Work order: Your answer must be the lines from the first one in the material through the line with "TMS320F28068, TMS320F28067, TMS320F28066</text>", retyped exactly and with no pictures.

Material for the task:
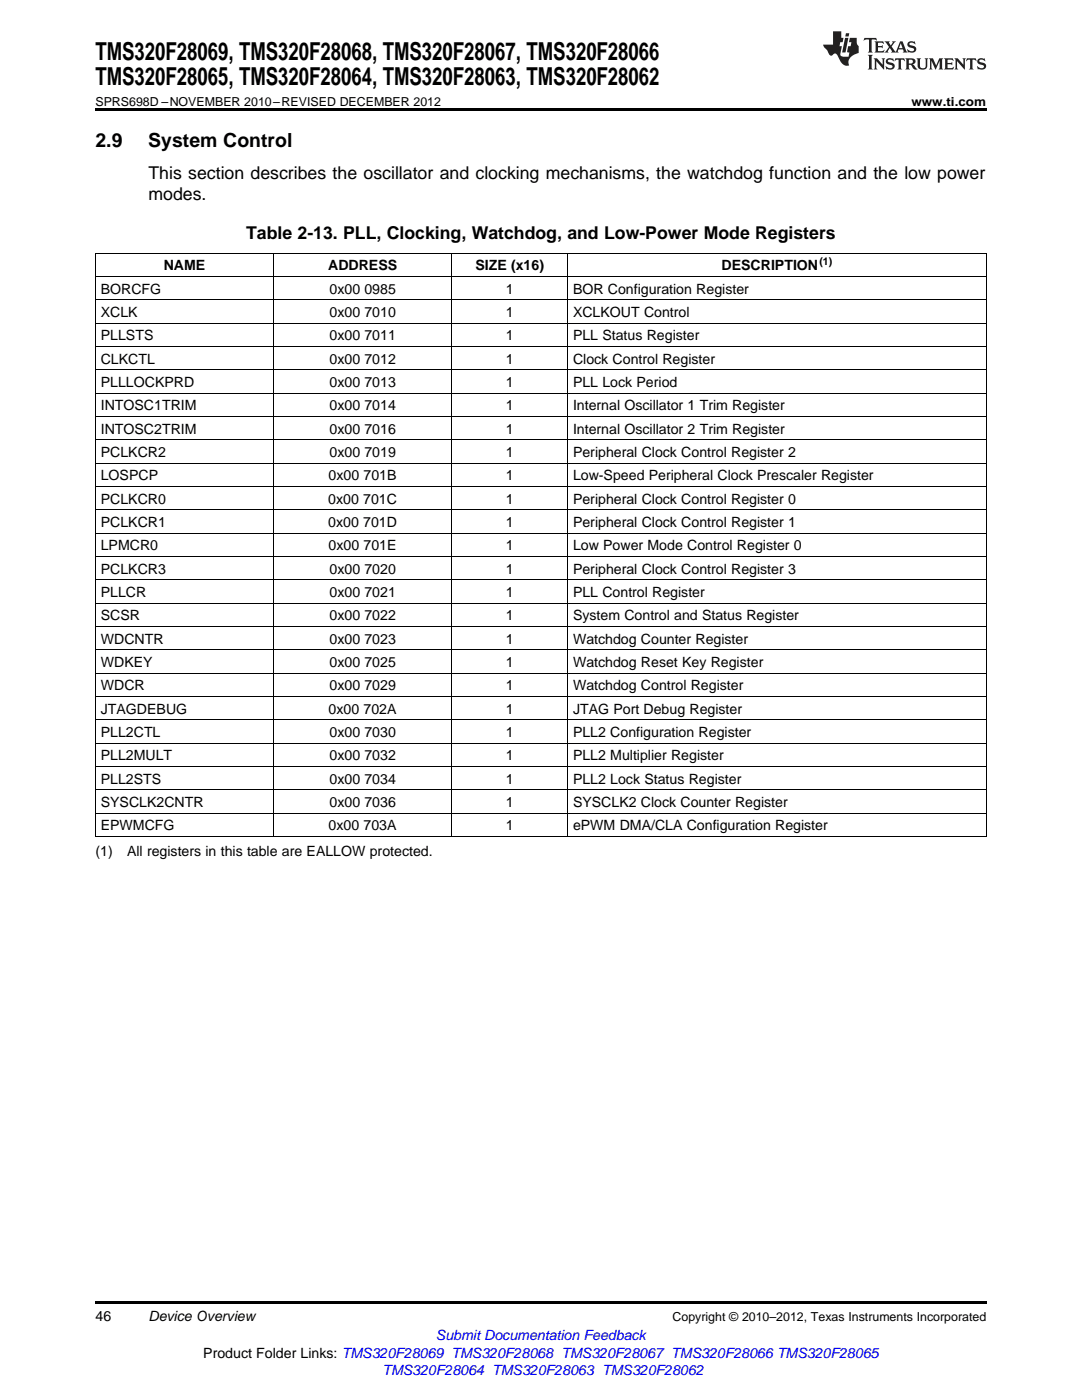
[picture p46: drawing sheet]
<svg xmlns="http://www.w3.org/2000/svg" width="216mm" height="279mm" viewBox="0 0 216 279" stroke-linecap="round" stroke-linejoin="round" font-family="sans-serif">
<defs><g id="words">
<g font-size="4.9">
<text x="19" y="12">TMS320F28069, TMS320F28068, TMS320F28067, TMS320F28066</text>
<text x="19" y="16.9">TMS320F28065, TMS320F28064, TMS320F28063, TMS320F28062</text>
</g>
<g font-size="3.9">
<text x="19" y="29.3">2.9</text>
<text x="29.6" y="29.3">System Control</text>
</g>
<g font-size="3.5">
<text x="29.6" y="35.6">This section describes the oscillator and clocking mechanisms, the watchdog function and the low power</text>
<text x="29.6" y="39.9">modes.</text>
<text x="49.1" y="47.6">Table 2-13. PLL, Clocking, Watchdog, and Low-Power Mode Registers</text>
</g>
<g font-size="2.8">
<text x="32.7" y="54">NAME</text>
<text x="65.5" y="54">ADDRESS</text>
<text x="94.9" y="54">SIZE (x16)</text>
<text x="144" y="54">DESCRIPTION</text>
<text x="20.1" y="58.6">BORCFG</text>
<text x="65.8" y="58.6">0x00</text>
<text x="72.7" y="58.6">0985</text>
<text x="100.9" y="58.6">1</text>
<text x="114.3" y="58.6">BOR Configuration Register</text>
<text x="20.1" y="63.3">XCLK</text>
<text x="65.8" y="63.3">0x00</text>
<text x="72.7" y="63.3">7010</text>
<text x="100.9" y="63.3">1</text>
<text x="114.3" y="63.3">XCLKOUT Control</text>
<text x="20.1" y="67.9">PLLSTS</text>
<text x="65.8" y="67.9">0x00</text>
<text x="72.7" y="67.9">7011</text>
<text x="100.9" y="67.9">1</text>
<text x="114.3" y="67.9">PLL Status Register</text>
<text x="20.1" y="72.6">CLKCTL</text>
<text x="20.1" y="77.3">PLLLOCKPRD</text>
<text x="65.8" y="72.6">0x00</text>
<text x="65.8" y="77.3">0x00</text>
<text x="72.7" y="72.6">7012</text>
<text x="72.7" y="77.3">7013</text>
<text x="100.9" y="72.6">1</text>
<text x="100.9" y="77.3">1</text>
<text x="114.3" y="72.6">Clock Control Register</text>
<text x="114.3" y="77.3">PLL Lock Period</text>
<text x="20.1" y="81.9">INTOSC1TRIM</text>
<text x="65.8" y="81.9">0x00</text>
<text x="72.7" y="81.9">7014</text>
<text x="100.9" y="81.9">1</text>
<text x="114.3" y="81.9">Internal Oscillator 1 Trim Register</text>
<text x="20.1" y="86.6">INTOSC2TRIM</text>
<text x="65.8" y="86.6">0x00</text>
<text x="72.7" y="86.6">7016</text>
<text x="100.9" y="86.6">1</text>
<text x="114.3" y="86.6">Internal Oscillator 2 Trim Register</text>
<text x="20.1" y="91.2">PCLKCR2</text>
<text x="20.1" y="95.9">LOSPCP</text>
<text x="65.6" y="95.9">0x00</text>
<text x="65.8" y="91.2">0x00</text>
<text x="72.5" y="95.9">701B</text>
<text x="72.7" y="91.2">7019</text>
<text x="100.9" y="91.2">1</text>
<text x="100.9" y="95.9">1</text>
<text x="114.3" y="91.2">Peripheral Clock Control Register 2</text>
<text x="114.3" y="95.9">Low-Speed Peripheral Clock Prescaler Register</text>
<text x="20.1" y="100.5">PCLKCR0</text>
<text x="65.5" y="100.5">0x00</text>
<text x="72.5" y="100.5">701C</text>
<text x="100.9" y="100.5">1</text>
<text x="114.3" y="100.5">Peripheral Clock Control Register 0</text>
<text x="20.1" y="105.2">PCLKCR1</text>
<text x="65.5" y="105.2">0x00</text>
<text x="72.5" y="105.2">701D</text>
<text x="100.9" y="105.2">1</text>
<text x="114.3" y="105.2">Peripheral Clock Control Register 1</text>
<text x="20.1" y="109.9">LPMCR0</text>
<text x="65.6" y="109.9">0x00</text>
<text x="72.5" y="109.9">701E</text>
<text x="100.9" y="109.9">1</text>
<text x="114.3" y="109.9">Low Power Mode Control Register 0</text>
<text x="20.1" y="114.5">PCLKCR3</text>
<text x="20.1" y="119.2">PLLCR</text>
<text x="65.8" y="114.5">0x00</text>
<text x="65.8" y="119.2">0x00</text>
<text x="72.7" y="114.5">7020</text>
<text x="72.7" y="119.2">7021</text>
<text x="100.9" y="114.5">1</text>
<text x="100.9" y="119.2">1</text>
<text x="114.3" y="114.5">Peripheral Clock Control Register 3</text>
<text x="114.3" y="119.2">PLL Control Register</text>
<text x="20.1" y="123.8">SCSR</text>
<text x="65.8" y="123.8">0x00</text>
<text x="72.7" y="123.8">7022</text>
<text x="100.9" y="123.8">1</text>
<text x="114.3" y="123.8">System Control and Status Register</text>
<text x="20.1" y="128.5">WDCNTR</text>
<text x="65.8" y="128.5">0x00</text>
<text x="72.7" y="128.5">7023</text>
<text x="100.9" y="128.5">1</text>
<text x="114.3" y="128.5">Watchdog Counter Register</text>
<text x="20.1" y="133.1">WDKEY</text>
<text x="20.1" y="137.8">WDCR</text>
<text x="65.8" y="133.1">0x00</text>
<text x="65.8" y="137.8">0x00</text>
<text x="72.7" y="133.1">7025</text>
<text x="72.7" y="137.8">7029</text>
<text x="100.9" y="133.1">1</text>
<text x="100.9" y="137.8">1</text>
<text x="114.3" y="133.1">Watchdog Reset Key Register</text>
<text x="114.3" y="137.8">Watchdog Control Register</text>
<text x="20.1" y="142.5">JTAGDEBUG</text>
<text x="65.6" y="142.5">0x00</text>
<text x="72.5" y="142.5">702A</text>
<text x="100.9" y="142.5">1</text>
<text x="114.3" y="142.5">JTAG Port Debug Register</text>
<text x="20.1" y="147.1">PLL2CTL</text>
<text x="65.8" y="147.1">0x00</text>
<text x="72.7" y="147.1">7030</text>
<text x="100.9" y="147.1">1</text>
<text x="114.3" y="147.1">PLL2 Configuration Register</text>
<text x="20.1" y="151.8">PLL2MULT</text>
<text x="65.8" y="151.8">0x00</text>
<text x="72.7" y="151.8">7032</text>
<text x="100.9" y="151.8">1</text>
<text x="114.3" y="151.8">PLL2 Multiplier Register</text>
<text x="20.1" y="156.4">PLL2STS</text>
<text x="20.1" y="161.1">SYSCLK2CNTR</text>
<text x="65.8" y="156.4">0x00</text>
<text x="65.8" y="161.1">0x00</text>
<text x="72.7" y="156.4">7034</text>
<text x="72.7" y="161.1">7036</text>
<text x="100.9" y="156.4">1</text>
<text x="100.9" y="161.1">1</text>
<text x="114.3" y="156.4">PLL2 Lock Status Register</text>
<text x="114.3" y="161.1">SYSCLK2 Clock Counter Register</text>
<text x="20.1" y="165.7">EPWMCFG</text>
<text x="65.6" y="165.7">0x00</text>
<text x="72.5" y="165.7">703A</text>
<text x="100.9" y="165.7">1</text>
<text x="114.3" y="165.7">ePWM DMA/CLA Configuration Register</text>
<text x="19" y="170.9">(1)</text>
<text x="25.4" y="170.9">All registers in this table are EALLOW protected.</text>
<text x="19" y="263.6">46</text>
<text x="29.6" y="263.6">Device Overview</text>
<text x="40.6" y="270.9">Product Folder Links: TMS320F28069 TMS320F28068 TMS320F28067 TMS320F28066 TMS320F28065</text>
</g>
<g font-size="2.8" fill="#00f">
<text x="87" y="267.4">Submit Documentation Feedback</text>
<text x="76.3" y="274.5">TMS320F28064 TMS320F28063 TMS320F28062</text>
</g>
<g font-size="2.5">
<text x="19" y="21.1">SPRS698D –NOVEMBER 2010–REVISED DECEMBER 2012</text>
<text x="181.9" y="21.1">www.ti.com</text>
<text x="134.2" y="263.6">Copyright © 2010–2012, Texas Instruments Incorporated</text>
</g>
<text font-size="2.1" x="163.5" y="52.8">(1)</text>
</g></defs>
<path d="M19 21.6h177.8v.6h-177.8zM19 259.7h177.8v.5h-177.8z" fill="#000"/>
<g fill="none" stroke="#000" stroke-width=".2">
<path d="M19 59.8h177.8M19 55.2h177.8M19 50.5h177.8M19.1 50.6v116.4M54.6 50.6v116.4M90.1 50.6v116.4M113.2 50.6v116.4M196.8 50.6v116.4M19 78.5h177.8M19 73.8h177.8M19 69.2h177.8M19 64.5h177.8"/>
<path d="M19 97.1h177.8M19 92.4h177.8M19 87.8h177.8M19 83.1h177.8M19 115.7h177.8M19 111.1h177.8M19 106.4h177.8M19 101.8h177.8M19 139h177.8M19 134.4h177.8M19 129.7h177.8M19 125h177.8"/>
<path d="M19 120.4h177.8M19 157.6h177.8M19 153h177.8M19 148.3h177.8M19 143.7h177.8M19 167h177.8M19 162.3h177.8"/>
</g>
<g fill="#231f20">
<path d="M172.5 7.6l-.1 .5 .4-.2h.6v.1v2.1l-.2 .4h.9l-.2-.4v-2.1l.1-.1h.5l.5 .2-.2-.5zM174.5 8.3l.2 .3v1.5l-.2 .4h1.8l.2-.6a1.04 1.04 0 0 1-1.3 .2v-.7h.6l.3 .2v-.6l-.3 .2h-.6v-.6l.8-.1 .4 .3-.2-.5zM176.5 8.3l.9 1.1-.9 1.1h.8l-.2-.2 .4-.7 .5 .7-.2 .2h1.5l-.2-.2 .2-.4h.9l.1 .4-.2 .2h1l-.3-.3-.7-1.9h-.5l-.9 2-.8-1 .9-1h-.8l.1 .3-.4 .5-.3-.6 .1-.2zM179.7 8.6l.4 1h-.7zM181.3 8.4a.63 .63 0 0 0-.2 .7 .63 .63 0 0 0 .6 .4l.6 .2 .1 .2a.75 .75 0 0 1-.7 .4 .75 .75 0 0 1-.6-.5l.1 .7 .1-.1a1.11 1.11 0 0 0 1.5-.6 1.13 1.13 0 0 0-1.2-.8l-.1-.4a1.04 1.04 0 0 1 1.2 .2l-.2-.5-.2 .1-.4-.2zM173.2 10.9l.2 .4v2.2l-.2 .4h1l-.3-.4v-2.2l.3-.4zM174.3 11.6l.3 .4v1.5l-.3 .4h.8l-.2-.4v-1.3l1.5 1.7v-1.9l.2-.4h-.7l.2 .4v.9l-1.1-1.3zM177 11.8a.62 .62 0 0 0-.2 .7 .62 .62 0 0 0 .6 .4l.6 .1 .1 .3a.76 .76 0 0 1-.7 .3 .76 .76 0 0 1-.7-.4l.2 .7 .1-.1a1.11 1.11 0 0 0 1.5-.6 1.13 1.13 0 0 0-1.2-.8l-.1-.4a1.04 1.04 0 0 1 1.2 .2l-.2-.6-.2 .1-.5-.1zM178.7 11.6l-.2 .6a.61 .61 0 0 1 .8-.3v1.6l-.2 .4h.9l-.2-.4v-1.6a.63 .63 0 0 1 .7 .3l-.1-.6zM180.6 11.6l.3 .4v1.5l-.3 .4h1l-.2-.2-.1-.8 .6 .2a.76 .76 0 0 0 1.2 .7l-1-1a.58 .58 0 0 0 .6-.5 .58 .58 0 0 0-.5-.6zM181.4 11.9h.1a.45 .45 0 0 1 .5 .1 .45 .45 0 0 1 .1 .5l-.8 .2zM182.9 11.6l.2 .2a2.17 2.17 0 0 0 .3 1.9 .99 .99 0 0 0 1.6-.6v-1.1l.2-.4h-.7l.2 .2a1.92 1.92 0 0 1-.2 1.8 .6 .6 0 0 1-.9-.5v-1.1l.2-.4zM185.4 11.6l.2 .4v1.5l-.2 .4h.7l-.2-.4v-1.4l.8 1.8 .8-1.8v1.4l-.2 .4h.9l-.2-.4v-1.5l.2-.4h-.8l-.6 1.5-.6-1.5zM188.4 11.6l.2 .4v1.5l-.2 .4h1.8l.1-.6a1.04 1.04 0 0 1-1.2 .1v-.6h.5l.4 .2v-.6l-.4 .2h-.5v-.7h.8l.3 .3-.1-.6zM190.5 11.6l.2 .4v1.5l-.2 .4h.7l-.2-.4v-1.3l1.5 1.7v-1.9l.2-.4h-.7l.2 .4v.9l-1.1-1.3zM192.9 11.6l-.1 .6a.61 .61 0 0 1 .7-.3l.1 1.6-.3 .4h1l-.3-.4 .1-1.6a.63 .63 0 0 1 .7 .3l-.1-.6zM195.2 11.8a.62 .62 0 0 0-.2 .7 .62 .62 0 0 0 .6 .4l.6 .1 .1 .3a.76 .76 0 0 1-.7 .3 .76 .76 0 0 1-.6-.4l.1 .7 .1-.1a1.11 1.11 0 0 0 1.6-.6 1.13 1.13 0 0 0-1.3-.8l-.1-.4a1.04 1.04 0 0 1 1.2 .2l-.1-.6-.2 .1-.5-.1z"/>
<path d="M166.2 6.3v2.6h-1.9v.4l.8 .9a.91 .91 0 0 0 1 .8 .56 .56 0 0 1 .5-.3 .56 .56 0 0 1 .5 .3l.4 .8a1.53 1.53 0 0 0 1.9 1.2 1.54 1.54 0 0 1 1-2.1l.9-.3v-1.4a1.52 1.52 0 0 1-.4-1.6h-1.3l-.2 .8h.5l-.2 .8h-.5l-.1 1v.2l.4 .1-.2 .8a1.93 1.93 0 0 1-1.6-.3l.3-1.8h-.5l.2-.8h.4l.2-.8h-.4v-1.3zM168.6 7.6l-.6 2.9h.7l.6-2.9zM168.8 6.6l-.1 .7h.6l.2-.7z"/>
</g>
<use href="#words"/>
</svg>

Task result:
[picture p46: drawing sheet]
<svg xmlns="http://www.w3.org/2000/svg" width="216mm" height="279mm" viewBox="0 0 216 279" stroke-linecap="round" stroke-linejoin="round" font-family="sans-serif">
<defs><g id="words">
<g font-size="4.9">
<text x="19" y="12">TMS320F28069, TMS320F28068, TMS320F28067, TMS320F28066</text>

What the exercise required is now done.